### Extracted data entries
┄┄┄┄┄┄┄┄┄┄┄┄┄┄┄┄┄┄┄┄

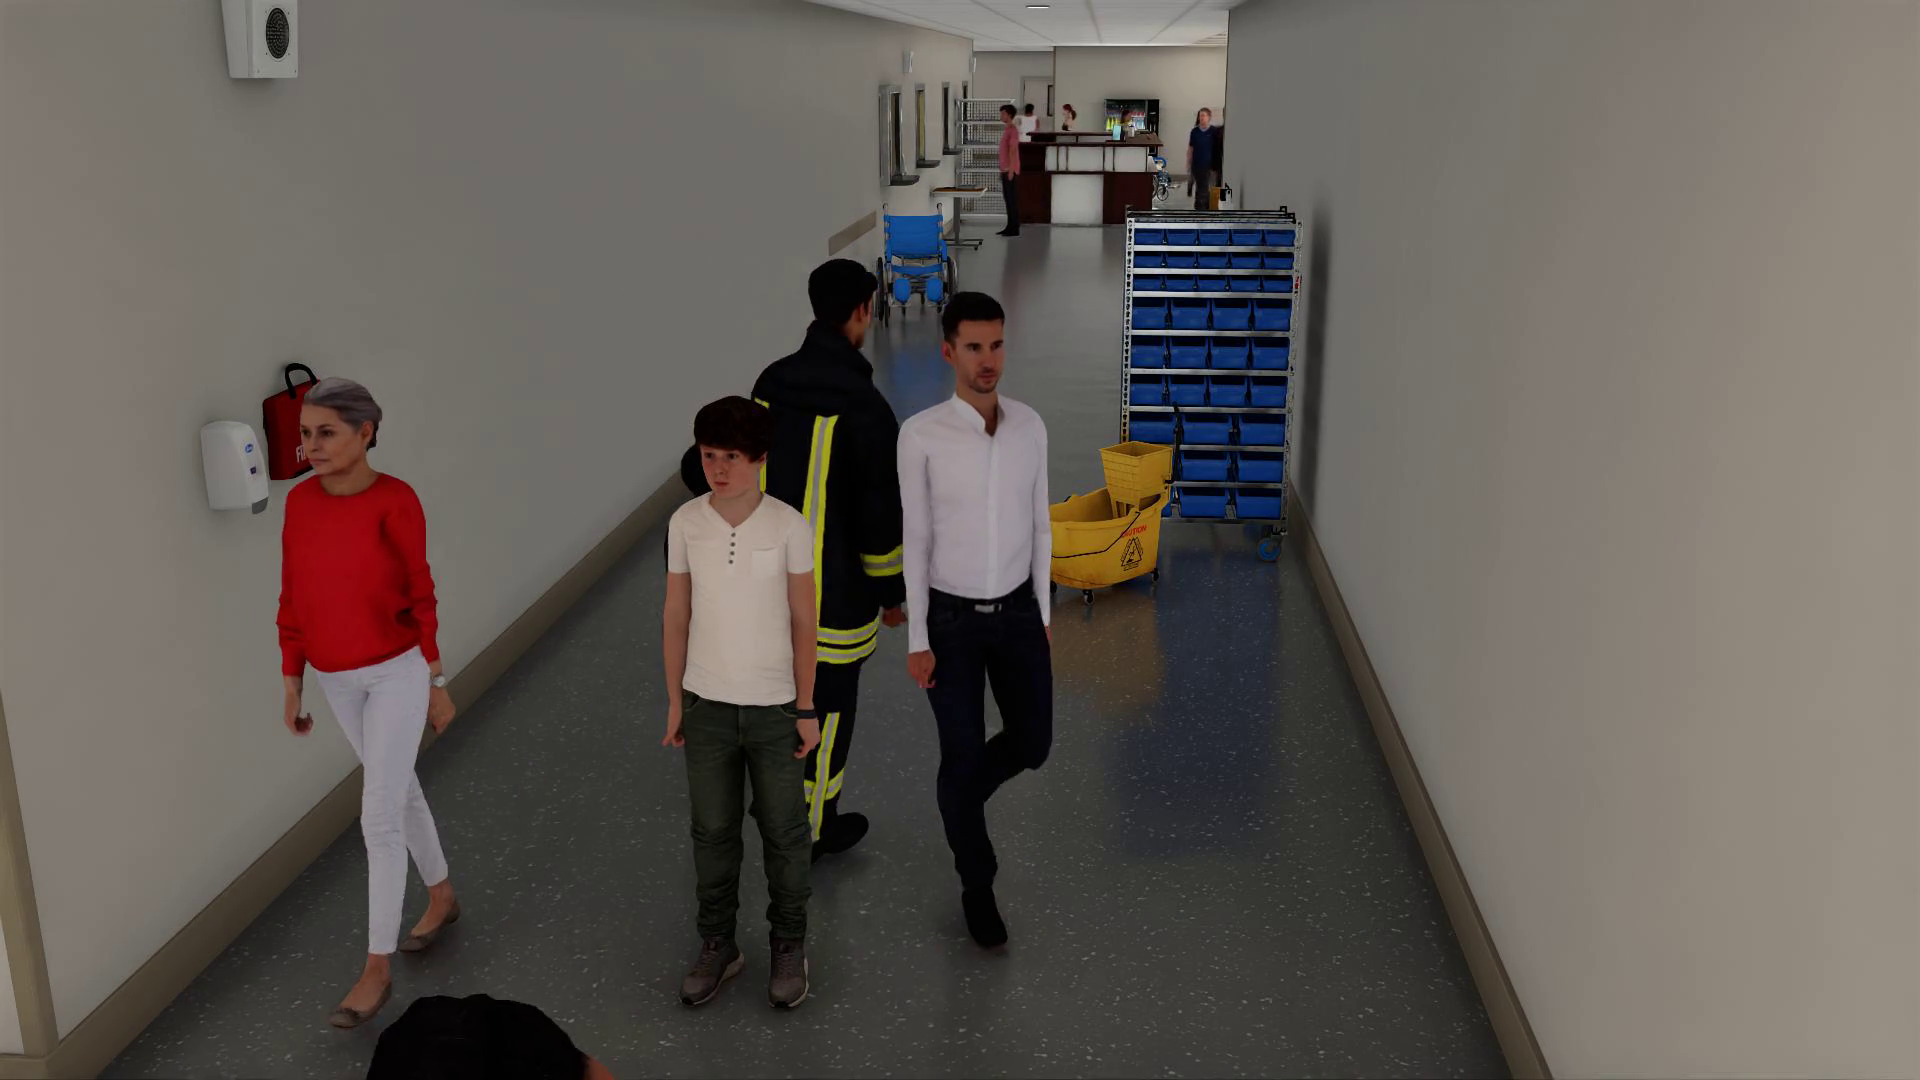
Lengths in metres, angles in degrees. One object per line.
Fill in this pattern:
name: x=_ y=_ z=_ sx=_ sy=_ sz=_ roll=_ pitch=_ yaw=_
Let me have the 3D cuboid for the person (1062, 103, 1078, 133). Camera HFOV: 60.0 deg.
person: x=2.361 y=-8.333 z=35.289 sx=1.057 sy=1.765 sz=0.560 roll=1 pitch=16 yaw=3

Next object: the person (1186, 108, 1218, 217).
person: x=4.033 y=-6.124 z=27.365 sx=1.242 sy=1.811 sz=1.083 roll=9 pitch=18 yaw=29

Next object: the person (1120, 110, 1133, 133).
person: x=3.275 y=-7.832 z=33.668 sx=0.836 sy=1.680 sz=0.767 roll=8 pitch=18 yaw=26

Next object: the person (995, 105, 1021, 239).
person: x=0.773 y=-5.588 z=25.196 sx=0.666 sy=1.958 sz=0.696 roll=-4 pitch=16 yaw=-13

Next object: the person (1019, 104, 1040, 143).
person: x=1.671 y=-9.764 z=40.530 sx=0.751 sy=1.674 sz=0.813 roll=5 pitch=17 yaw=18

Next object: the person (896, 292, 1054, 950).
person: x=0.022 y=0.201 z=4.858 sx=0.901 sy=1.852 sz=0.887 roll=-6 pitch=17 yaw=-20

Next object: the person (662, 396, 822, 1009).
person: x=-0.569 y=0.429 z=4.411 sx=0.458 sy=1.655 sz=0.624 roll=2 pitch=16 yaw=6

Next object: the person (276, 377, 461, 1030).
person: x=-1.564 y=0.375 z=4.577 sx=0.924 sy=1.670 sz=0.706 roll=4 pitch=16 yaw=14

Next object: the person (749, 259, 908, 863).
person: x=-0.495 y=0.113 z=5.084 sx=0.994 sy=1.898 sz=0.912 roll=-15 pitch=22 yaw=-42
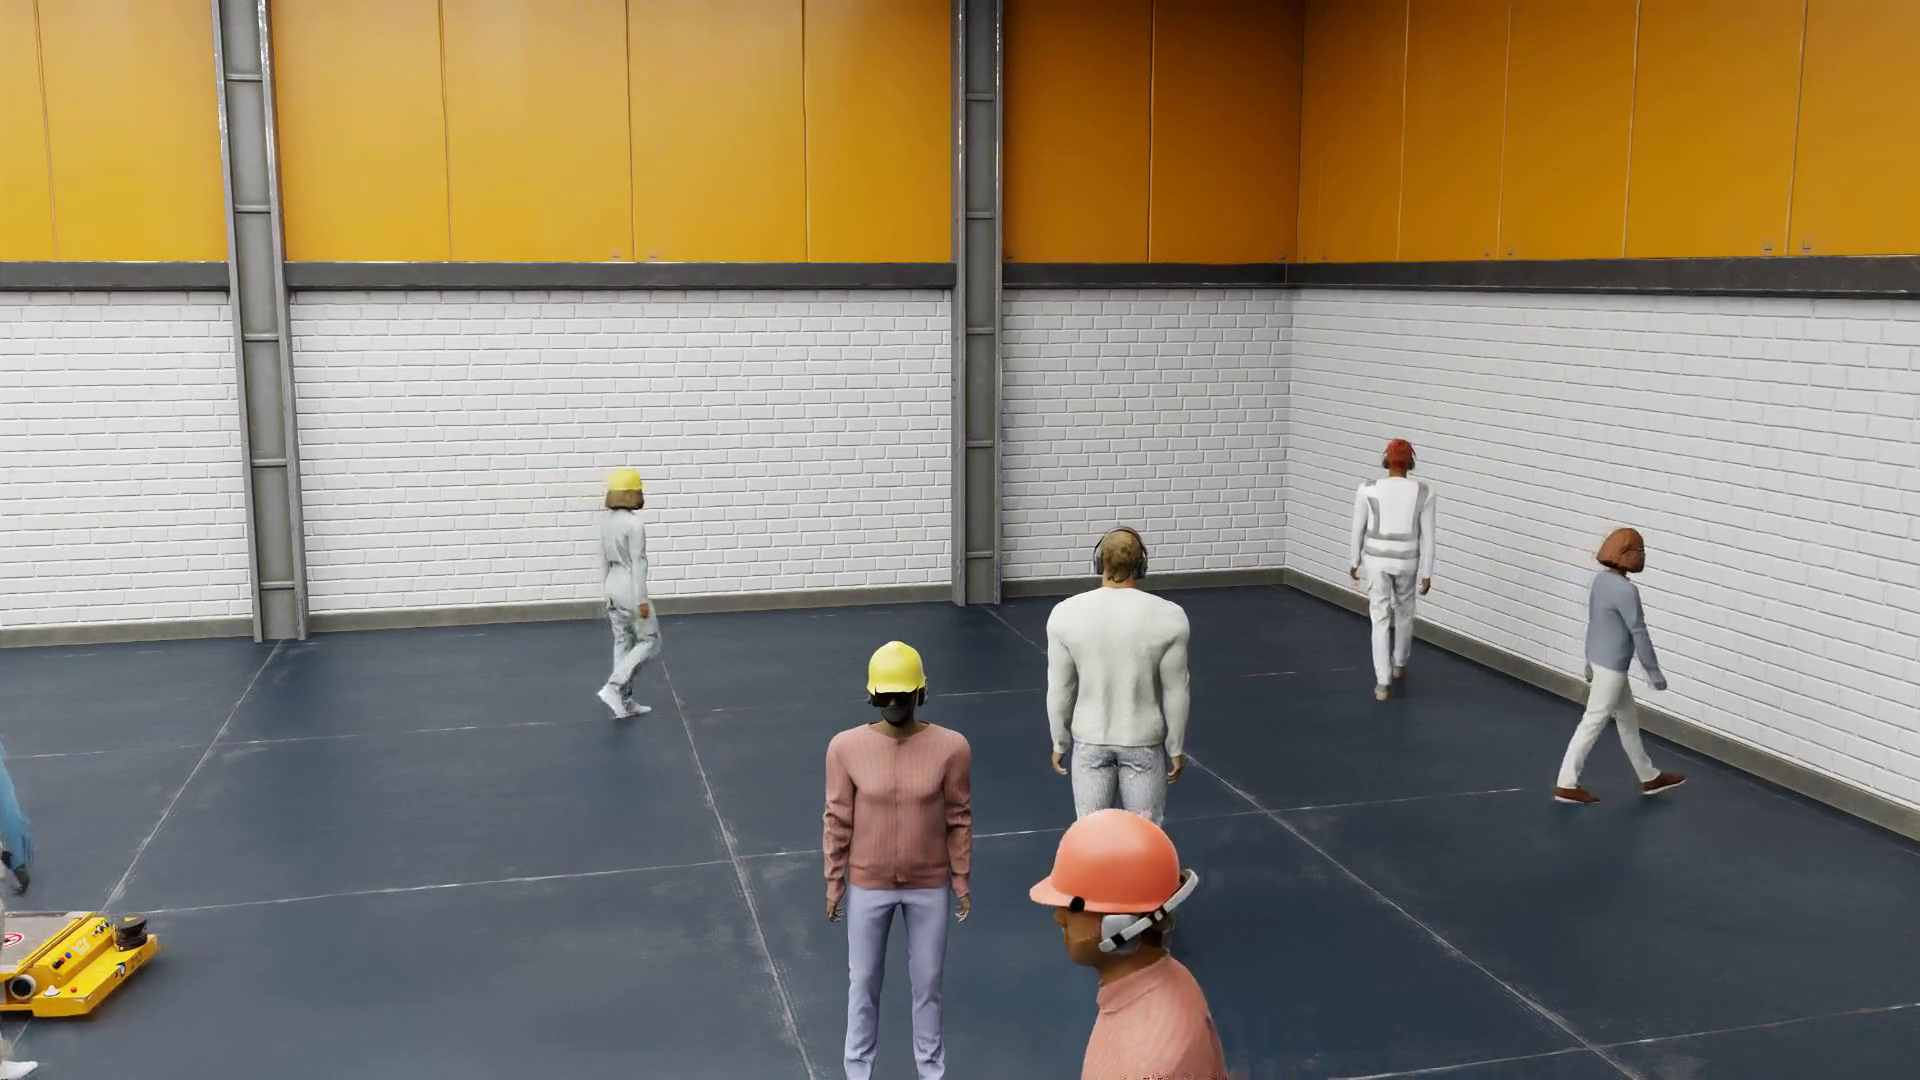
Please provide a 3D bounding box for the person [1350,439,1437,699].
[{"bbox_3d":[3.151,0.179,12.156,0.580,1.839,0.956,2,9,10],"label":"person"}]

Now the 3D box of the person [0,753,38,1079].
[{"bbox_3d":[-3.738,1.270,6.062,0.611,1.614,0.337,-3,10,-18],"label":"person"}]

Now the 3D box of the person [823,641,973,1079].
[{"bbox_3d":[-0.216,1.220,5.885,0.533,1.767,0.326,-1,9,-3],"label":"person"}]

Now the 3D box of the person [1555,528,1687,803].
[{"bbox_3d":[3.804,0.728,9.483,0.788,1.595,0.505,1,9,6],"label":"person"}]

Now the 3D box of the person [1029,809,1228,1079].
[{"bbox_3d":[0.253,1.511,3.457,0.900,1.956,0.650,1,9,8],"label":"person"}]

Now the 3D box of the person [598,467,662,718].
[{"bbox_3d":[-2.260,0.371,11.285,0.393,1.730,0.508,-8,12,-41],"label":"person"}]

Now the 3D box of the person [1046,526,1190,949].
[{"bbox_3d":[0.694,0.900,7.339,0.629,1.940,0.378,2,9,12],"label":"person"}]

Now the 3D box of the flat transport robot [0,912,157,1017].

┄┄┄┄┄┄┄┄┄┄┄┄┄┄┄┄┄┄┄┄

### EXERCISE
Return exactly the lines that begin with the one containing "Next object: the person (662, 396, 822, 1009)." and end with the final line of the data above; include no pictures.

### REPLY
Next object: the person (662, 396, 822, 1009).
person: x=-0.569 y=0.429 z=4.411 sx=0.458 sy=1.655 sz=0.624 roll=2 pitch=16 yaw=6

Next object: the person (276, 377, 461, 1030).
person: x=-1.564 y=0.375 z=4.577 sx=0.924 sy=1.670 sz=0.706 roll=4 pitch=16 yaw=14

Next object: the person (749, 259, 908, 863).
person: x=-0.495 y=0.113 z=5.084 sx=0.994 sy=1.898 sz=0.912 roll=-15 pitch=22 yaw=-42
Please provide a 3D bounding box for the person [1350,439,1437,699].
[{"bbox_3d":[3.151,0.179,12.156,0.580,1.839,0.956,2,9,10],"label":"person"}]

Now the 3D box of the person [0,753,38,1079].
[{"bbox_3d":[-3.738,1.270,6.062,0.611,1.614,0.337,-3,10,-18],"label":"person"}]

Now the 3D box of the person [823,641,973,1079].
[{"bbox_3d":[-0.216,1.220,5.885,0.533,1.767,0.326,-1,9,-3],"label":"person"}]

Now the 3D box of the person [1555,528,1687,803].
[{"bbox_3d":[3.804,0.728,9.483,0.788,1.595,0.505,1,9,6],"label":"person"}]

Now the 3D box of the person [1029,809,1228,1079].
[{"bbox_3d":[0.253,1.511,3.457,0.900,1.956,0.650,1,9,8],"label":"person"}]

Now the 3D box of the person [598,467,662,718].
[{"bbox_3d":[-2.260,0.371,11.285,0.393,1.730,0.508,-8,12,-41],"label":"person"}]

Now the 3D box of the person [1046,526,1190,949].
[{"bbox_3d":[0.694,0.900,7.339,0.629,1.940,0.378,2,9,12],"label":"person"}]

Now the 3D box of the flat transport robot [0,912,157,1017].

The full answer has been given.